* [Task item]
Reproduce all of the entries character for character, while leaving out any pictures they contain.

START Data supplied

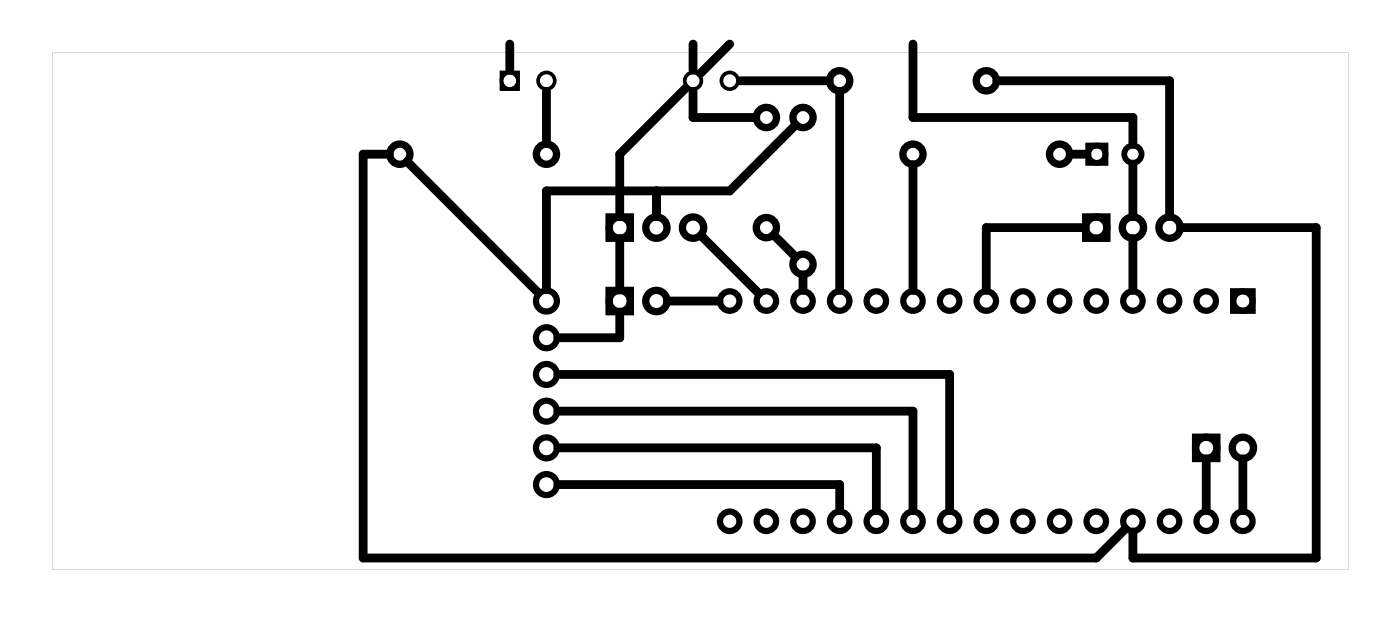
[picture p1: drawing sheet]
<svg xmlns="http://www.w3.org/2000/svg" width="97mm" height="43mm" viewBox="0 0 97 43" stroke-linecap="round" stroke-linejoin="round" font-family="sans-serif">
<g fill="#000">
<path d="M3.6 3.6h89.8v35.8h-89.8zM3.6 3.6v35.8h89.8v-35.8z"/>
<path d="M34.6 4.9h1.4v1.4h-1.4zM34.9 5.6a.45 .45 0 0 0 .9 0 .45 .45 0 0 0-.9 0z"/>
</g>
<g fill="none" stroke="#000" stroke-width=".51">
<path d="M42.2 15h1.5v1.5h-1.5zM75.2 15h1.5v1.5h-1.5zM42.2 20.1h1.5v1.5h-1.5zM82.8 30.3h1.5v1.4h-1.5z"/>
<circle cx="27.7" cy="10.7" r=".7"/>
<circle cx="37.9" cy="10.7" r=".7"/>
<circle cx="42.9" cy="15.8" r=".74"/>
<circle cx="45.5" cy="15.8" r=".74"/>
<circle cx="48" cy="15.8" r=".74"/>
<circle cx="53.1" cy="8.1" r=".7"/>
<circle cx="53.1" cy="15.8" r=".7"/>
<circle cx="55.6" cy="8.1" r=".7"/>
<circle cx="55.6" cy="18.3" r=".7"/>
<circle cx="58.2" cy="5.6" r=".7"/>
<circle cx="63.3" cy="10.7" r=".7"/>
<circle cx="68.3" cy="5.6" r=".7"/>
<circle cx="73.4" cy="10.7" r=".7"/>
<circle cx="76" cy="15.8" r=".74"/>
<circle cx="78.5" cy="15.8" r=".74"/>
<circle cx="81" cy="15.8" r=".74"/>
<circle cx="42.9" cy="20.8" r=".74"/>
<circle cx="45.5" cy="20.8" r=".74"/>
<circle cx="83.6" cy="31" r=".74"/>
<circle cx="86.1" cy="31" r=".74"/>
</g>
<g fill="none" stroke="#000" stroke-width=".43">
<path d="M85.5 20.2h1.3v1.3h-1.3z"/>
<circle cx="37.9" cy="33.5" r=".72"/>
<circle cx="37.9" cy="20.8" r=".72"/>
<circle cx="37.9" cy="23.4" r=".72"/>
<circle cx="37.9" cy="31" r=".72"/>
<circle cx="37.9" cy="25.9" r=".72"/>
<circle cx="37.9" cy="28.4" r=".72"/>
<circle cx="50.6" cy="36.1" r=".67"/>
<circle cx="50.6" cy="20.8" r=".67"/>
<circle cx="53.1" cy="36.1" r=".67"/>
<circle cx="53.1" cy="20.8" r=".67"/>
<circle cx="55.6" cy="36.1" r=".67"/>
<circle cx="55.6" cy="20.8" r=".67"/>
<circle cx="58.2" cy="36.1" r=".67"/>
<circle cx="58.2" cy="20.8" r=".67"/>
<circle cx="60.7" cy="36.1" r=".67"/>
<circle cx="60.7" cy="20.8" r=".67"/>
<circle cx="63.3" cy="36.1" r=".67"/>
<circle cx="63.3" cy="20.8" r=".67"/>
<circle cx="65.8" cy="36.1" r=".67"/>
<circle cx="65.8" cy="20.8" r=".67"/>
<circle cx="68.3" cy="36.1" r=".67"/>
<circle cx="68.3" cy="20.8" r=".67"/>
<circle cx="70.9" cy="36.1" r=".67"/>
<circle cx="70.9" cy="20.8" r=".67"/>
<circle cx="73.4" cy="36.1" r=".67"/>
<circle cx="73.4" cy="20.8" r=".67"/>
<circle cx="76" cy="36.1" r=".67"/>
<circle cx="76" cy="20.8" r=".67"/>
<circle cx="78.5" cy="36.1" r=".67"/>
<circle cx="78.5" cy="20.8" r=".67"/>
<circle cx="81" cy="36.1" r=".67"/>
<circle cx="81" cy="20.8" r=".67"/>
<circle cx="83.6" cy="36.1" r=".67"/>
<circle cx="83.6" cy="20.8" r=".67"/>
<circle cx="86.1" cy="36.1" r=".67"/>
<circle cx="86.1" cy="20.8" r=".67"/>
</g>
<g fill="none" stroke="#000" stroke-width=".4">
<path d="M75.4 10.1h1.2v1.2h-1.2z"/>
<circle cx="76" cy="10.7" r=".6"/>
<circle cx="78.5" cy="10.7" r=".6"/>
</g>
<g fill="none" stroke="#000" stroke-width=".25">
<circle cx="35.3" cy="5.6" r=".58"/>
<circle cx="37.9" cy="5.6" r=".58"/>
<circle cx="48" cy="5.6" r=".58"/>
<circle cx="50.6" cy="5.6" r=".58"/>
</g>
<g fill="none" stroke="#000" stroke-width=".61">
<path d="M27 10.7h-1.8v27.9h50.8l2-2M28.2 11.2l9.1 9.1M35.3 3.1v1.8M37.9 6.3v3.6M42.9 16.5v3.6M45.5 13.2v1.8M47.5 6.1l-4.6 4.6v4.3M48 3.1v1.8M48 6.3v1.8h4.4M48.6 16.3l4 4M50.6 3.1l-2.1 2M51.3 5.6h6.2"/>
<path d="M53.6 16.3l1.5 1.5M55.1 8.6l-4.5 4.6h-12.7v6.8M55.6 19v1.1M58.2 6.3v13.8M63.3 3.1v5h15.2v1.9M63.3 11.4v8.7M69.1 5.6h11.9v9.4M74.2 10.7h1.1M75.2 15.8h-6.9v4.3M78.5 11.4v3.6M78.5 16.5v3.6M81.8 15.8h9.4v22.8h-12.7v-1.8"/>
<path d="M38.7 28.5h24.6v6.8M38.7 33.5h19.5v1.8M38.7 31h22v4.3M38.7 25.9h27.1v9.4M42.9 21.6v1.8h-4.2M46.3 20.8h3.5M83.6 31.8v3.5M86.1 31.8v3.5"/>
</g>
</svg>

END Data supplied

* [Output of the exercise]
[picture p1: drawing sheet]
<svg xmlns="http://www.w3.org/2000/svg" width="97mm" height="43mm" viewBox="0 0 97 43" stroke-linecap="round" stroke-linejoin="round" font-family="sans-serif">
<g fill="#000">
<path d="M3.6 3.6h89.8v35.8h-89.8zM3.6 3.6v35.8h89.8v-35.8z"/>
<path d="M34.6 4.9h1.4v1.4h-1.4zM34.9 5.6a.45 .45 0 0 0 .9 0 .45 .45 0 0 0-.9 0z"/>
</g>
<g fill="none" stroke="#000" stroke-width=".51">
<path d="M42.2 15h1.5v1.5h-1.5zM75.2 15h1.5v1.5h-1.5zM42.2 20.1h1.5v1.5h-1.5zM82.8 30.3h1.5v1.4h-1.5z"/>
<circle cx="27.7" cy="10.7" r=".7"/>
<circle cx="37.9" cy="10.7" r=".7"/>
<circle cx="42.9" cy="15.8" r=".74"/>
<circle cx="45.5" cy="15.8" r=".74"/>
<circle cx="48" cy="15.8" r=".74"/>
<circle cx="53.1" cy="8.1" r=".7"/>
<circle cx="53.1" cy="15.8" r=".7"/>
<circle cx="55.6" cy="8.1" r=".7"/>
<circle cx="55.6" cy="18.3" r=".7"/>
<circle cx="58.2" cy="5.6" r=".7"/>
<circle cx="63.3" cy="10.7" r=".7"/>
<circle cx="68.3" cy="5.6" r=".7"/>
<circle cx="73.4" cy="10.7" r=".7"/>
<circle cx="76" cy="15.8" r=".74"/>
<circle cx="78.5" cy="15.8" r=".74"/>
<circle cx="81" cy="15.8" r=".74"/>
<circle cx="42.9" cy="20.8" r=".74"/>
<circle cx="45.5" cy="20.8" r=".74"/>
<circle cx="83.6" cy="31" r=".74"/>
<circle cx="86.1" cy="31" r=".74"/>
</g>
<g fill="none" stroke="#000" stroke-width=".43">
<path d="M85.5 20.2h1.3v1.3h-1.3z"/>
<circle cx="37.9" cy="33.5" r=".72"/>
<circle cx="37.9" cy="20.8" r=".72"/>
<circle cx="37.9" cy="23.4" r=".72"/>
<circle cx="37.9" cy="31" r=".72"/>
<circle cx="37.9" cy="25.9" r=".72"/>
<circle cx="37.9" cy="28.4" r=".72"/>
<circle cx="50.6" cy="36.1" r=".67"/>
<circle cx="50.6" cy="20.8" r=".67"/>
<circle cx="53.1" cy="36.1" r=".67"/>
<circle cx="53.1" cy="20.8" r=".67"/>
<circle cx="55.6" cy="36.1" r=".67"/>
<circle cx="55.6" cy="20.8" r=".67"/>
<circle cx="58.2" cy="36.1" r=".67"/>
<circle cx="58.2" cy="20.8" r=".67"/>
<circle cx="60.7" cy="36.1" r=".67"/>
<circle cx="60.7" cy="20.8" r=".67"/>
<circle cx="63.3" cy="36.1" r=".67"/>
<circle cx="63.3" cy="20.8" r=".67"/>
<circle cx="65.8" cy="36.1" r=".67"/>
<circle cx="65.8" cy="20.8" r=".67"/>
<circle cx="68.3" cy="36.1" r=".67"/>
<circle cx="68.3" cy="20.8" r=".67"/>
<circle cx="70.9" cy="36.1" r=".67"/>
<circle cx="70.9" cy="20.8" r=".67"/>
<circle cx="73.4" cy="36.1" r=".67"/>
<circle cx="73.4" cy="20.8" r=".67"/>
<circle cx="76" cy="36.1" r=".67"/>
<circle cx="76" cy="20.8" r=".67"/>
<circle cx="78.5" cy="36.1" r=".67"/>
<circle cx="78.5" cy="20.8" r=".67"/>
<circle cx="81" cy="36.1" r=".67"/>
<circle cx="81" cy="20.8" r=".67"/>
<circle cx="83.6" cy="36.1" r=".67"/>
<circle cx="83.6" cy="20.8" r=".67"/>
<circle cx="86.1" cy="36.1" r=".67"/>
<circle cx="86.1" cy="20.8" r=".67"/>
</g>
<g fill="none" stroke="#000" stroke-width=".4">
<path d="M75.4 10.1h1.2v1.2h-1.2z"/>
<circle cx="76" cy="10.7" r=".6"/>
<circle cx="78.5" cy="10.7" r=".6"/>
</g>
<g fill="none" stroke="#000" stroke-width=".25">
<circle cx="35.3" cy="5.6" r=".58"/>
<circle cx="37.9" cy="5.6" r=".58"/>
<circle cx="48" cy="5.6" r=".58"/>
<circle cx="50.6" cy="5.6" r=".58"/>
</g>
<g fill="none" stroke="#000" stroke-width=".61">
<path d="M27 10.7h-1.8v27.9h50.8l2-2M28.2 11.2l9.1 9.1M35.3 3.1v1.8M37.9 6.3v3.6M42.9 16.5v3.6M45.5 13.2v1.8M47.5 6.1l-4.6 4.6v4.3M48 3.1v1.8M48 6.3v1.8h4.4M48.6 16.3l4 4M50.6 3.1l-2.1 2M51.3 5.6h6.2"/>
<path d="M53.6 16.3l1.5 1.5M55.1 8.6l-4.5 4.6h-12.7v6.8M55.6 19v1.1M58.2 6.3v13.8M63.3 3.1v5h15.2v1.9M63.3 11.4v8.7M69.1 5.6h11.9v9.4M74.2 10.7h1.1M75.2 15.8h-6.9v4.3M78.5 11.4v3.6M78.5 16.5v3.6M81.8 15.8h9.4v22.8h-12.7v-1.8"/>
<path d="M38.7 28.5h24.6v6.8M38.7 33.5h19.5v1.8M38.7 31h22v4.3M38.7 25.9h27.1v9.4M42.9 21.6v1.8h-4.2M46.3 20.8h3.5M83.6 31.8v3.5M86.1 31.8v3.5"/>
</g>
</svg>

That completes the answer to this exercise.